Season of Peace Reflection for 9/17

What good is it, my brothers and sisters, if you say you have faith but do not have works? Can faith save you? If a brother or sister is naked and lacks daily food, and one of you says to them, “Go in peace; keep warm and eat your fill,” and yet you do not supply their bodily needs, what is the good of that? So faith by itself, if it has no works, is dead. But someone will say, “You have faith and I have works.” Show me your faith apart from your works, and I by my works will show you my faith. You believe that God is one; you do well. Even the demons believe—and shudder. Do you want to be shown, you senseless person, that faith apart from works is barren? Was not our ancestor Abraham justified by works when he offered his son Isaac on the altar? You see that faith was active along with his works, and faith was brought to completion by the works. Thus the scripture was fulfilled that says, “Abraham believed God, and it was reckoned to him as righteousness,” and he was called the friend of God. You see that a person is justified by works and not by faith alone. Likewise, was not Rahab the prostitute also justified by works when she welcomed the messengers and sent them out by another road? For just as the body without the spirit is dead, so faith without works is also dead.

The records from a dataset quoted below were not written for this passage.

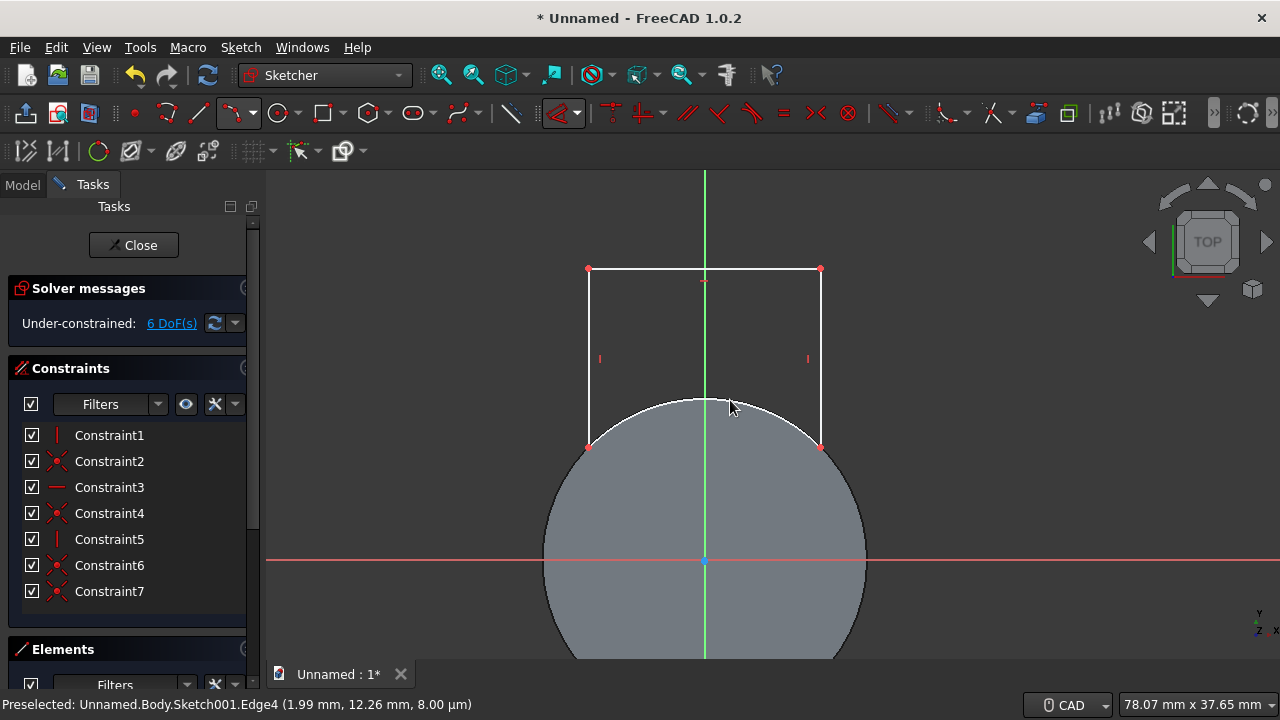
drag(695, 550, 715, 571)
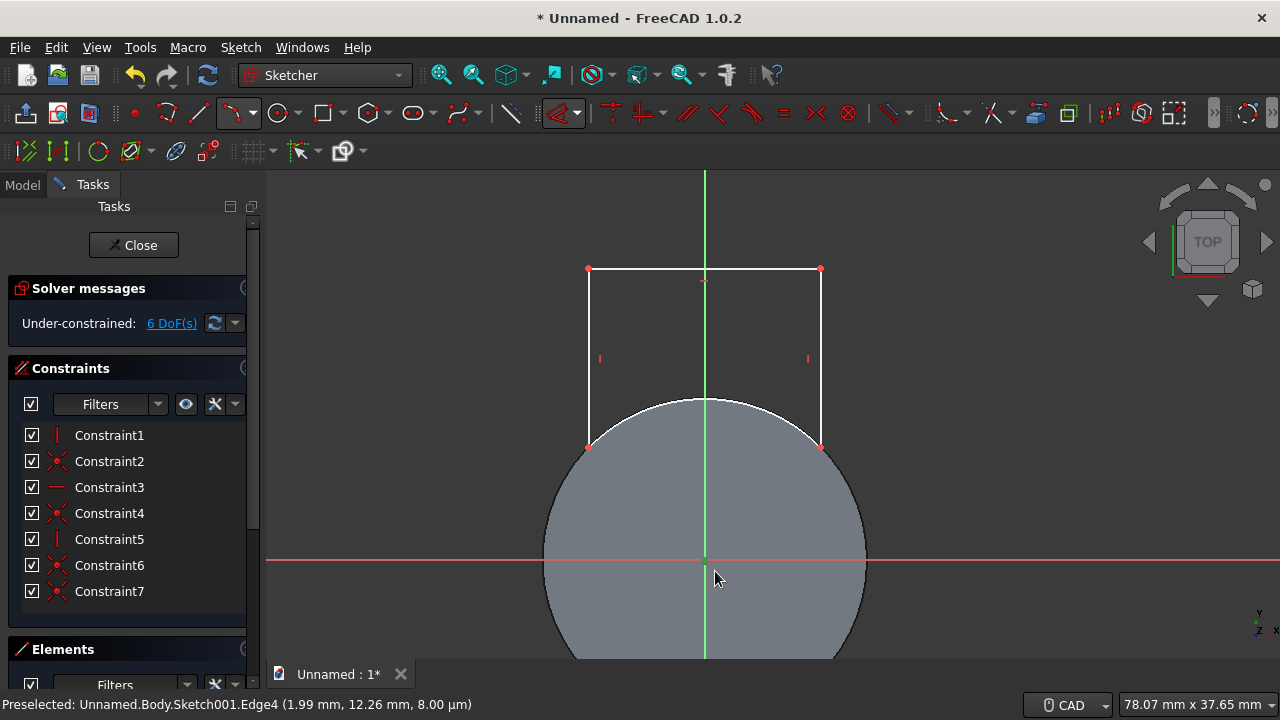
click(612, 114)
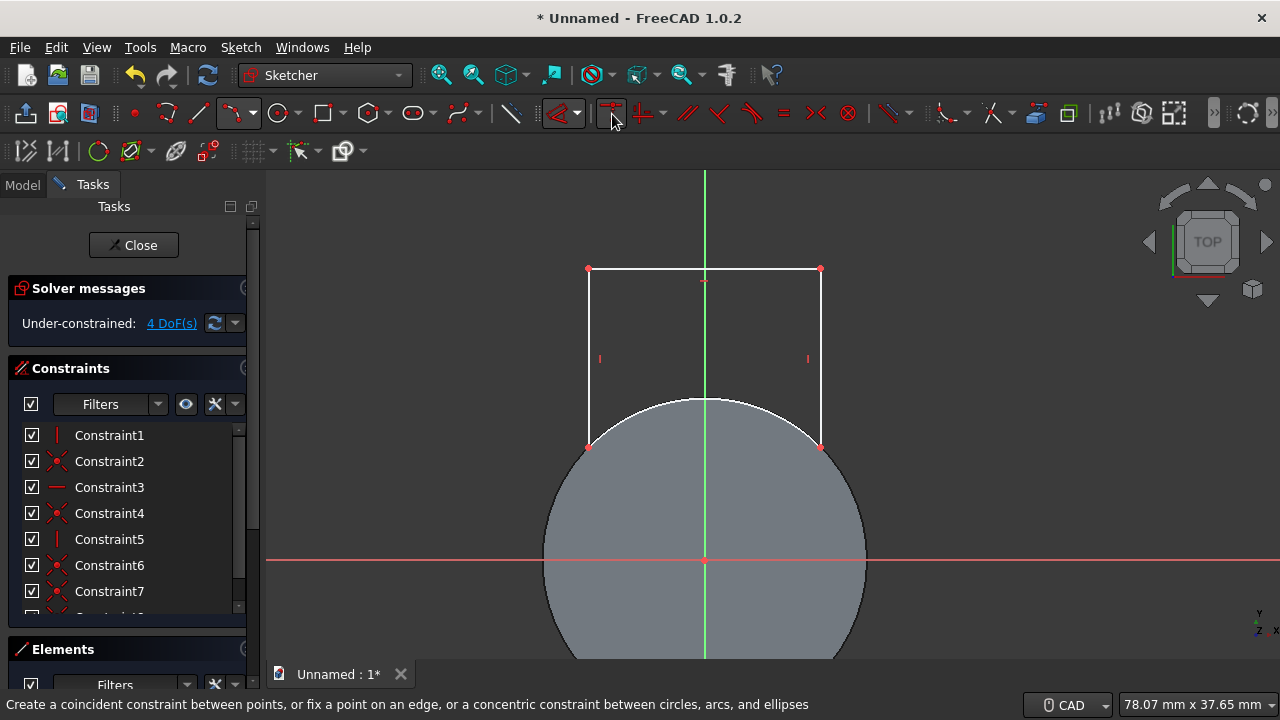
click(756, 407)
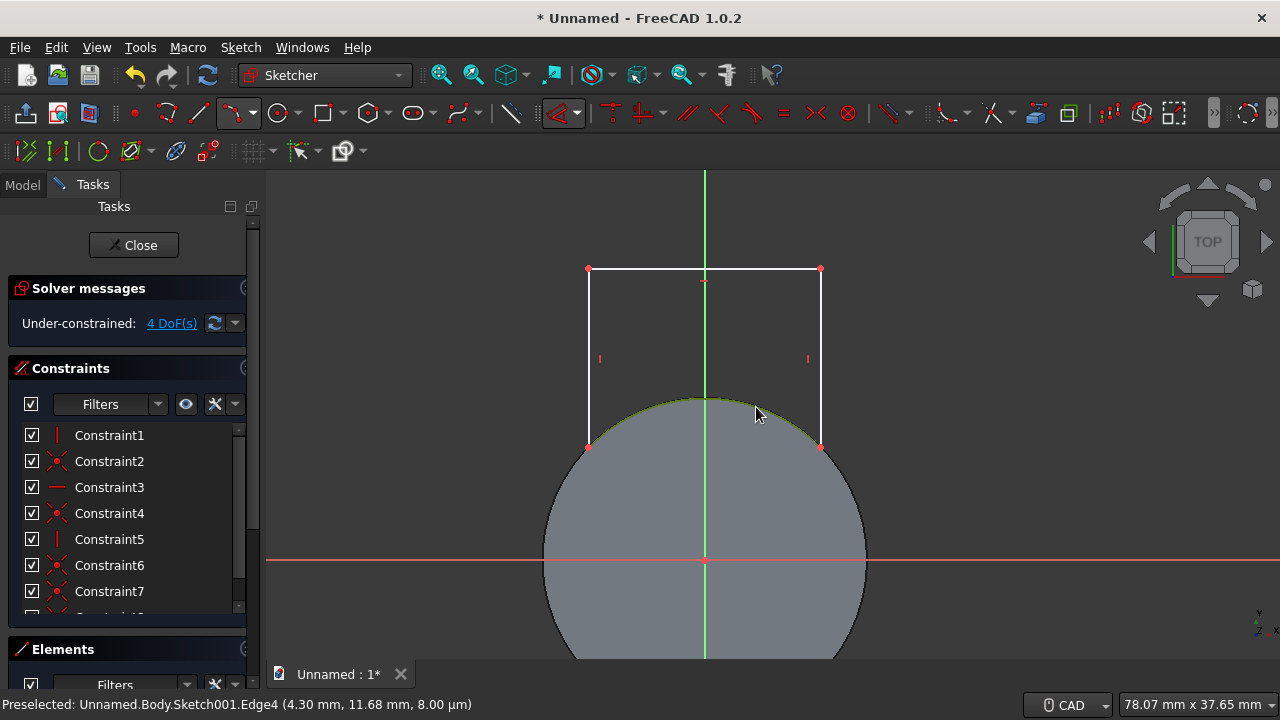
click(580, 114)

Reflection: Indeed, nonviolent direct action is one of 10 practices for reducing violence and promoting peace that were identified by an ecumenical group of Christian ethicists brought together by Professor Glen Stassen of Fuller Theological Seminary and later taken up by the 210th General Assembly (1998) of the Presbyterian Church (U.S.A.) in its Resolution on Just Peacemaking and the Call for International Intervention for Humanitarian Rescue:

  1. Support nonviolent direct action.
  2. Take independent initiatives to reduce threat.
  3. Use cooperative conflict resolution.
  4. Acknowledge responsibility for conflict and injustice and seek repentance and forgiveness.
  5. Advance democracy, human rights, and religious liberty.
  6. Foster just and sustainable economic development.
  7. Work with emerging cooperative forces in the international system.
  8. Strengthen the United Nations and international efforts for cooperation and human rights.
  9. Reduce offensive weapons and weapons trade.
  10. Encourage grassroots peacemaking groups and voluntary associations.

Question for discernment: New forms of just peacemaking and nonviolence include accompaniment (where persons from outside a situation protect persons and communities under threat), truth and reconciliation commissions (an alternative to taking revenge), public expressions of confession and repentance by leaders, citizen diplomacy, shared reconstruction projects, as well as demonstrations and forms of large-scale noncooperation with undemocratic regimes. How effective can such measures be, and how essential is it for the church to encourage them?

Prayer: Stir us from our comfort and complacency. Inspire us with prophetic vision. Instill in us a passion for the possible. Give us courage to speak truth to power. Help us heal the wounds of our broken world.